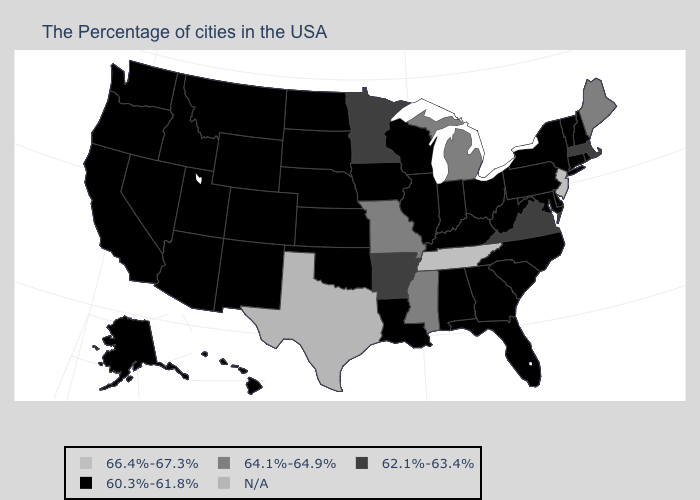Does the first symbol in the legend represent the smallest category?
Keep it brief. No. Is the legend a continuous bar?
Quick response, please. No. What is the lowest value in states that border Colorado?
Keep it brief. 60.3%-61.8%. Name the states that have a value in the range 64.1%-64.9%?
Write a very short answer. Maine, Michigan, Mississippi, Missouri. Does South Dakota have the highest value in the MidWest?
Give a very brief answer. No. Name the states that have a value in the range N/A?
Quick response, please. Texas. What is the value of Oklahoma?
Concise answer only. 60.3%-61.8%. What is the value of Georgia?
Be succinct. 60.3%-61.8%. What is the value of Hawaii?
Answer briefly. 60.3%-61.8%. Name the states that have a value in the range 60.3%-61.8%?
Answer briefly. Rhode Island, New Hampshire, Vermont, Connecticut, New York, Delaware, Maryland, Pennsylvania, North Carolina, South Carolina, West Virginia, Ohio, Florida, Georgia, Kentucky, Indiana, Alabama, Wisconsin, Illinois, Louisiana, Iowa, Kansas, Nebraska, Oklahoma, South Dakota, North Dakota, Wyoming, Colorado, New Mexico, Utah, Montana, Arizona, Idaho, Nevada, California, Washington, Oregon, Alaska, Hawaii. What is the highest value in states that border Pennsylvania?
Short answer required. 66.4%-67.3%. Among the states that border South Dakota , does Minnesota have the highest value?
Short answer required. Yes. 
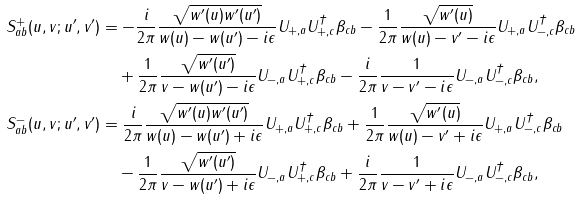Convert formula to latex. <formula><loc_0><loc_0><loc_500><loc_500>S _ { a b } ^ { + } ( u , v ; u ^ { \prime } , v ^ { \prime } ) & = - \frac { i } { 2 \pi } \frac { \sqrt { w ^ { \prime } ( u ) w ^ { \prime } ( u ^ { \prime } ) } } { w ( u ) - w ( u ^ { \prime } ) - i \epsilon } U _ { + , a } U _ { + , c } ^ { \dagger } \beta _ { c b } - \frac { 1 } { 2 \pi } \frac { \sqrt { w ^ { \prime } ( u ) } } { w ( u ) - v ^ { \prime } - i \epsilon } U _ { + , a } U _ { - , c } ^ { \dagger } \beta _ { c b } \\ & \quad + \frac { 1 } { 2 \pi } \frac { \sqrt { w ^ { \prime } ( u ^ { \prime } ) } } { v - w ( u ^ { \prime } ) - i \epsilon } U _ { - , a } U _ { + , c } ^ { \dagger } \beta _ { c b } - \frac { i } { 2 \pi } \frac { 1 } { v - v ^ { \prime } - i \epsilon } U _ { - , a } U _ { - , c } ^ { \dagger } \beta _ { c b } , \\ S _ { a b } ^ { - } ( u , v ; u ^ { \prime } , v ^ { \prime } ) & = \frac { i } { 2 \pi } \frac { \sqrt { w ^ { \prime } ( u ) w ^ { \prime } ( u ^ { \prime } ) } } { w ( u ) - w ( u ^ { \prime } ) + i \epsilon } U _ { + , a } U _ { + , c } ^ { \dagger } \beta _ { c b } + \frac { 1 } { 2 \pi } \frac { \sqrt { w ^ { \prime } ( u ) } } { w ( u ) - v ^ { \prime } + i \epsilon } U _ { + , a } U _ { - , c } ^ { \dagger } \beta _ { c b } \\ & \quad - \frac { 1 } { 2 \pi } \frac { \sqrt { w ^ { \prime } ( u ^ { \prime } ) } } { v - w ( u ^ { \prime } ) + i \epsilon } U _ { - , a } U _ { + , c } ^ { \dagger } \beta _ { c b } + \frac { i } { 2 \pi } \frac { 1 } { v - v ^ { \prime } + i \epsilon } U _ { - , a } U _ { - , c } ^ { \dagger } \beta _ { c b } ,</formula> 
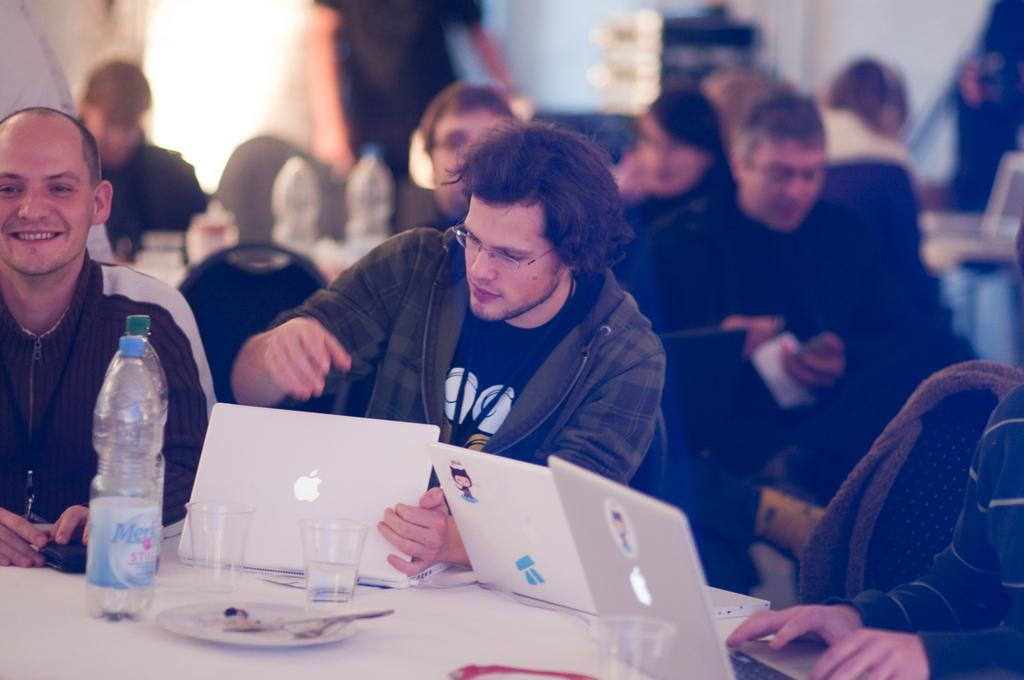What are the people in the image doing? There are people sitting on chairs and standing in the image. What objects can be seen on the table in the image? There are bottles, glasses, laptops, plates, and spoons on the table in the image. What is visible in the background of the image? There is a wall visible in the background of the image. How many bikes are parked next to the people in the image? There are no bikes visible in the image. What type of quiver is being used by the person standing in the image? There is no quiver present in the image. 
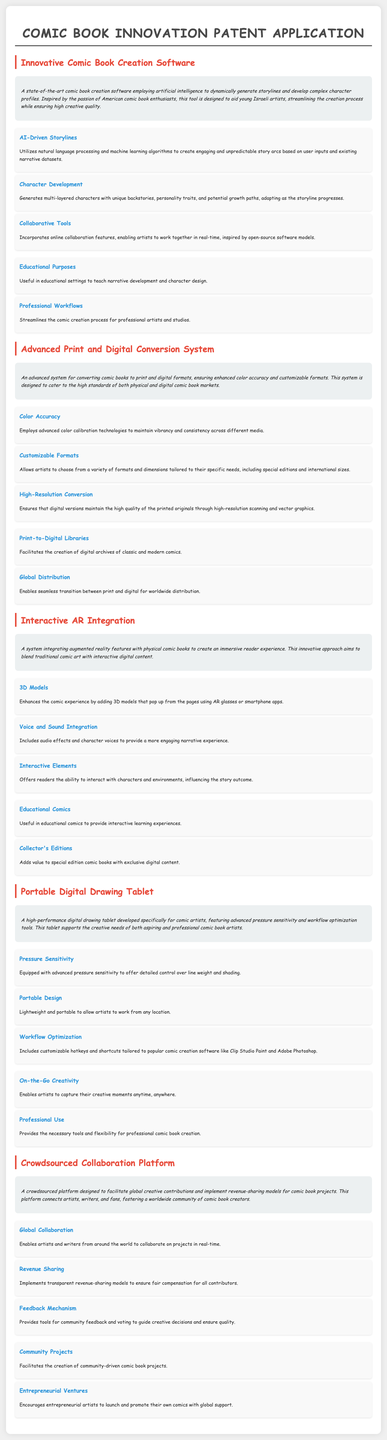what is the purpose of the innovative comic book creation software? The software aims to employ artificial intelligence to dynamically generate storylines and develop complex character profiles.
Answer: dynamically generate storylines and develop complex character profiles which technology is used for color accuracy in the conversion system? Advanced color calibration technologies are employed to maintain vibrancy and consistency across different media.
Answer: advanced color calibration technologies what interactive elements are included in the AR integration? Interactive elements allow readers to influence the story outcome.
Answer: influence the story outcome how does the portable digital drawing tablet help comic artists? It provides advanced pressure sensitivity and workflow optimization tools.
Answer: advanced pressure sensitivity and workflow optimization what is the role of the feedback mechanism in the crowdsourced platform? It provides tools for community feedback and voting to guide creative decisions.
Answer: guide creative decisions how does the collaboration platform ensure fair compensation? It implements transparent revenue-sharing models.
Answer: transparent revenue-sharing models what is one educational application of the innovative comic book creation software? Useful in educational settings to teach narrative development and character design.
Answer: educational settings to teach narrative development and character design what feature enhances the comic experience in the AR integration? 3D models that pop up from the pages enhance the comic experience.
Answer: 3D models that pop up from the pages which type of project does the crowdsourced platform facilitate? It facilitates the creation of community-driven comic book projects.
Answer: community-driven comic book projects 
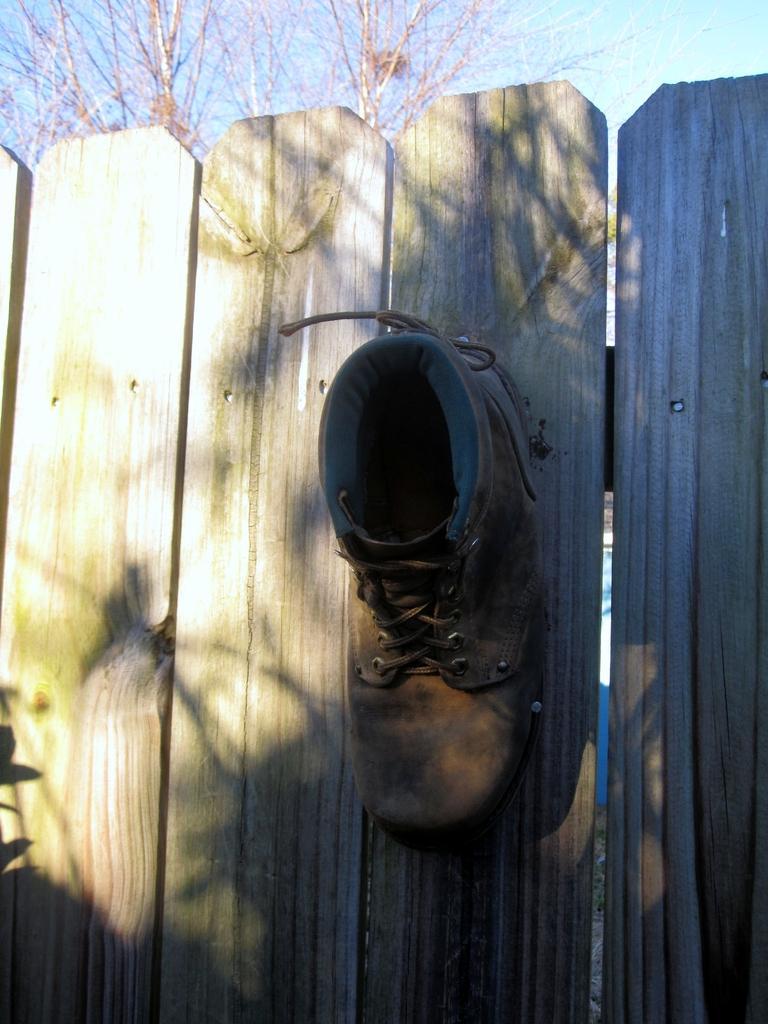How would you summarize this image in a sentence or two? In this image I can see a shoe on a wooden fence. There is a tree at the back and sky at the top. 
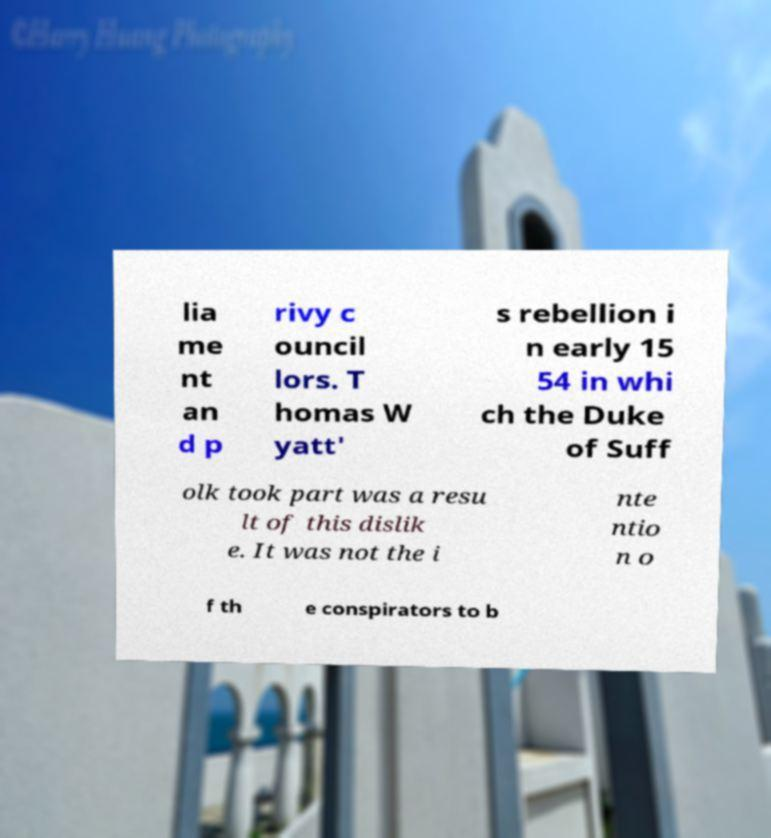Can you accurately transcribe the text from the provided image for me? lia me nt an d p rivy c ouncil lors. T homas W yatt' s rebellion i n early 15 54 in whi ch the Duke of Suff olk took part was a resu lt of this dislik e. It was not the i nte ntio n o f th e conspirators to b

**********

### Exercise goal
Set apart and copy each line of the records that holds the word "very".

### Task response
Write a very short answer. Maine, Michigan, Mississippi, Missouri. Does South Dakota have the highest value in the MidWest?
Give a very brief answer. No. Name the states that have a value in the range N/A?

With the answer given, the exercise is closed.